Banner
Best Business Books

It’s not worth reading bad books, but good, concise business books can be worth thousands of times the price of the book. Here are the books I’ve found to be worth thousands of dollars. My list is for entrepreneurs, although they can be useful for anyone in business. There are hundreds of great books, so I’ve been as stingy as possible in listing the ones I’ve found the most influential.

The Art of Beginning

  • Zen Mind, Beginner’s Mind (Shunryu Suzuki) – The inspiration for the title of this blog: the thrill of always beginning. It’s not even slightly a business book, but rather about things like understanding how to enjoy life with the newness of a child. Most books on “Zen” are utter crap, worse than reading nothing at all about it. This one is great.

Marketing

  • Guerilla Marketing – How to spend the least money on marketing for the greatest effect! Lately everyone is getting on the online marketing and social media bandwagons, but this is the book for people bootstrapping a typical new business.
  • Purple Cow – The most important modern concept in marketing: making your product itself your marketing focus. Strangely that makes it an interesting response to Naomi Klein’s No Logo.

Working Effectively

People – Networking and Getting Along

  • Never Eat Alone (Keith Ferrazzi) – It reads like a modern version of the classic How to Win Friends and Influence People (see the Oldies section), but with more emphasis on the networking side. Similarly to Carnegie’s book, a big emphasis is on things that ultimately make you a better person.
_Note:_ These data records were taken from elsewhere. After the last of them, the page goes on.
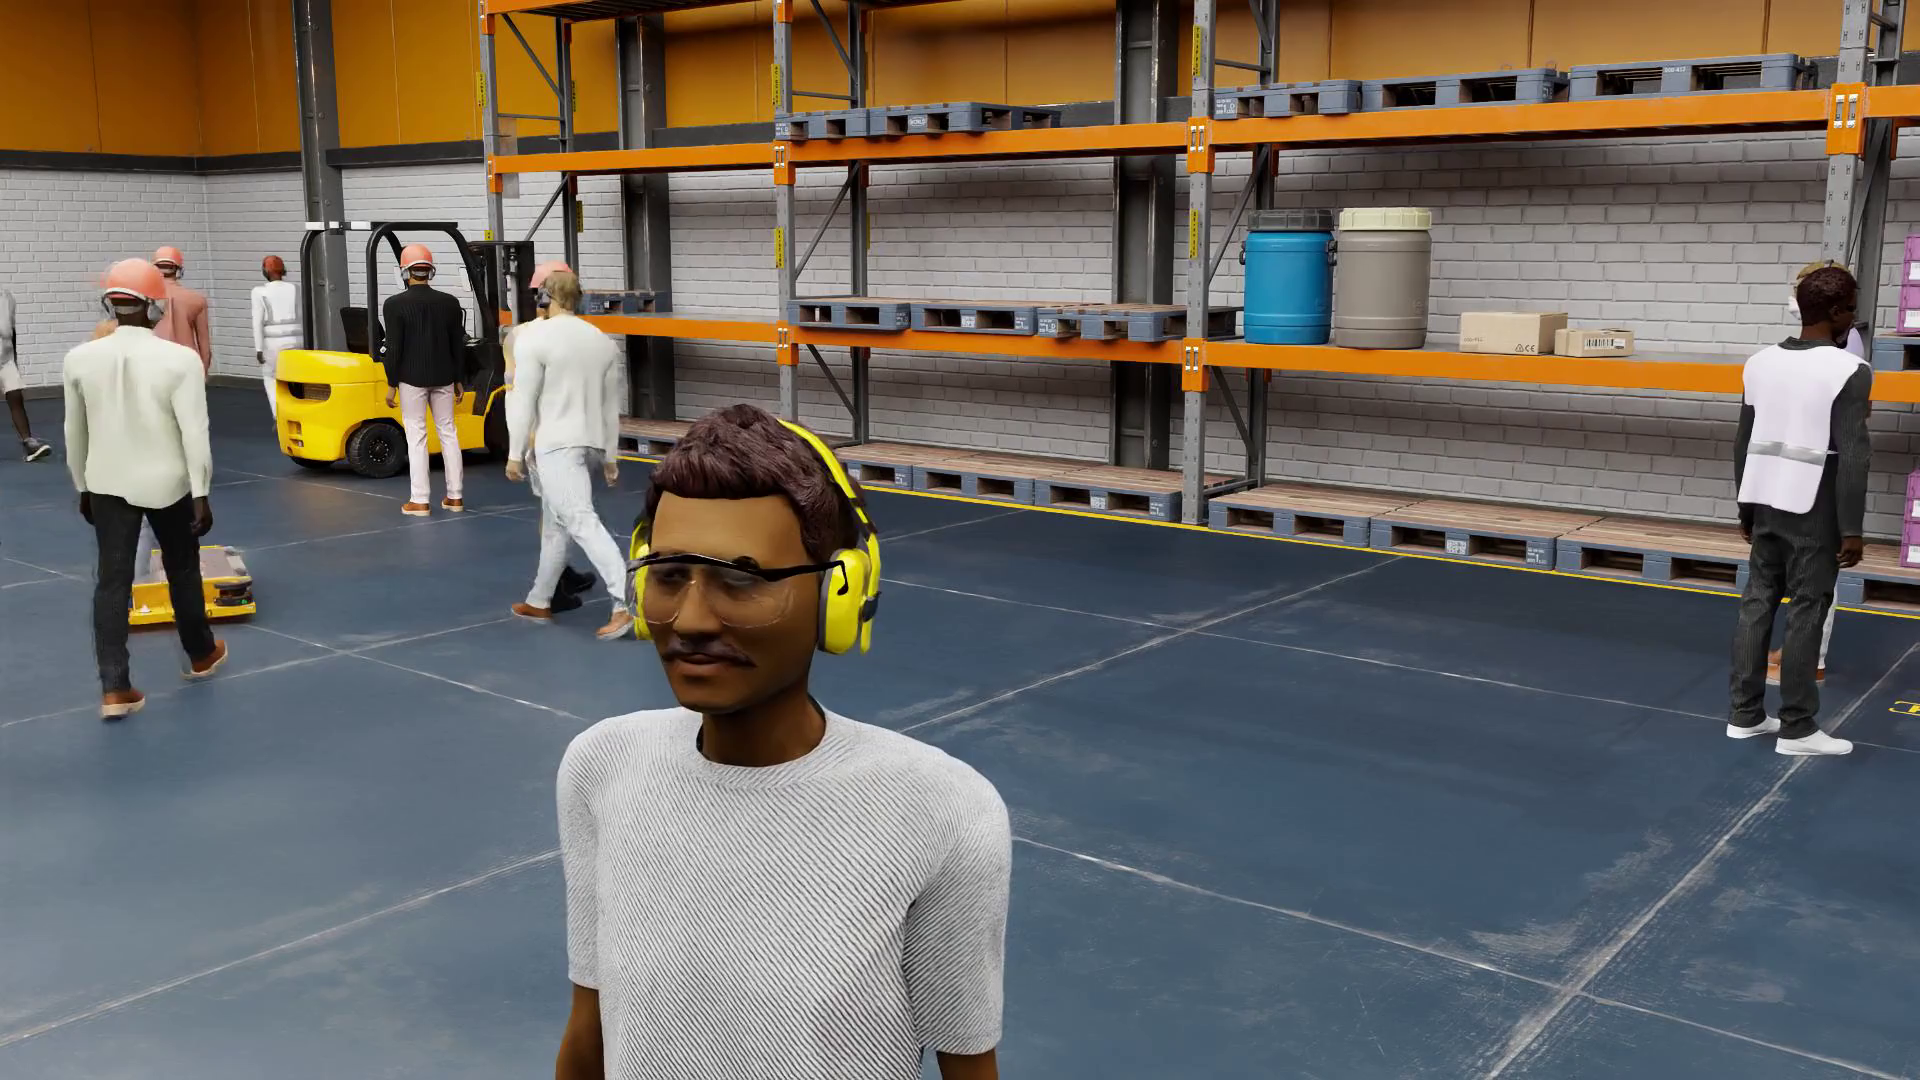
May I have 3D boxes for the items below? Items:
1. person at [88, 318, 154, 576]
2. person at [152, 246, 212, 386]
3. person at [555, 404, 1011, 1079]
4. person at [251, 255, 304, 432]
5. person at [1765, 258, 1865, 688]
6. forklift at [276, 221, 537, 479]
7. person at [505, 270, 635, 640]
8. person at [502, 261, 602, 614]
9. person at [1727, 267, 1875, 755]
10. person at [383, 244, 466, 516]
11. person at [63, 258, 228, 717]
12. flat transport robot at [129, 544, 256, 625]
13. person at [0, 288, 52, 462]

Ferrazzi emphasizes that the most valuable networks are created by consistently trying to find ways to help other people.

Building a Company

  • The E-Myth Revisited – How to be an entrepreneur, not your own employee. While it’s a little focused on making the next big McDonalds rather than the next Google, that’s a good thing for those of us starting non-tech businesses.
  • Built to Last – What makes great companies great. An absolute must-read.
  • Bulldog: Spirit of the New Entrepreneur – Great pep-talk and getting-through-it book by someone who’s actually been there, in the trenches. Fun stories about renting office space for the day to seem bigger to a potential client, and so on!
  • Founders at Work (Jessica Livingstone) – Really inspiring interviews with founders (and some early employees) of some of the most famous and successful startups.
  • One Up on Wall Street (Peter Lynch) – Investment book with sound business advice. Peter Lynch’s investment approach was a lot like Warren Buffet’s, but modified to run risk-averse mutual funds. What I got from this book was a good idea of what makes a business a sound investment. Lynch writes as an outside investor, but it’s great advice for an entrepreneur. One interesting point was about how many of the best businesses don’t sell technology, they use it, since the cost of any technology goes down over time.

Negotiating

Oldies But Goodies

  • Popcorn Report – Surf the true trends, skip the fads. This is one of those great business books that is fading from memory, but that was truly influential when it came out. Some of the trends it describes are no longer as current as they were (although some ideas have only just started to appear, such as Vitamin Water). But main value of the book was in the ideas about how to identify long-lasting trends and to align your business with them.
  • In Search of Excellence – Awesome, kind of the “Built to Last” of the 80’s. This book has had a huge effect on my views of business and entrepreneurship, especially understanding the importance of small teams and the art of fostering innovation, aka. “intrapreneurship” within a company. Reading this book help me understand some of the mistakes of a previous company I started (GDSAF), mistakes I’m working hard to avoid with Swing Dynamite. While exciting in some parts, it’s a bit of a dry read in others, probably a relic of those days when business books tried to seem like textbooks. I read the book after it had already become “old” in the world of business books, and that’s precisely why it’s worth reading: because it’s one of the few books that has stood the test of time.
  • How to Win Friends and Influence People (Dale Carnegie) – This is one of the most time-tested books related to business, it’s about the art of getting along with people.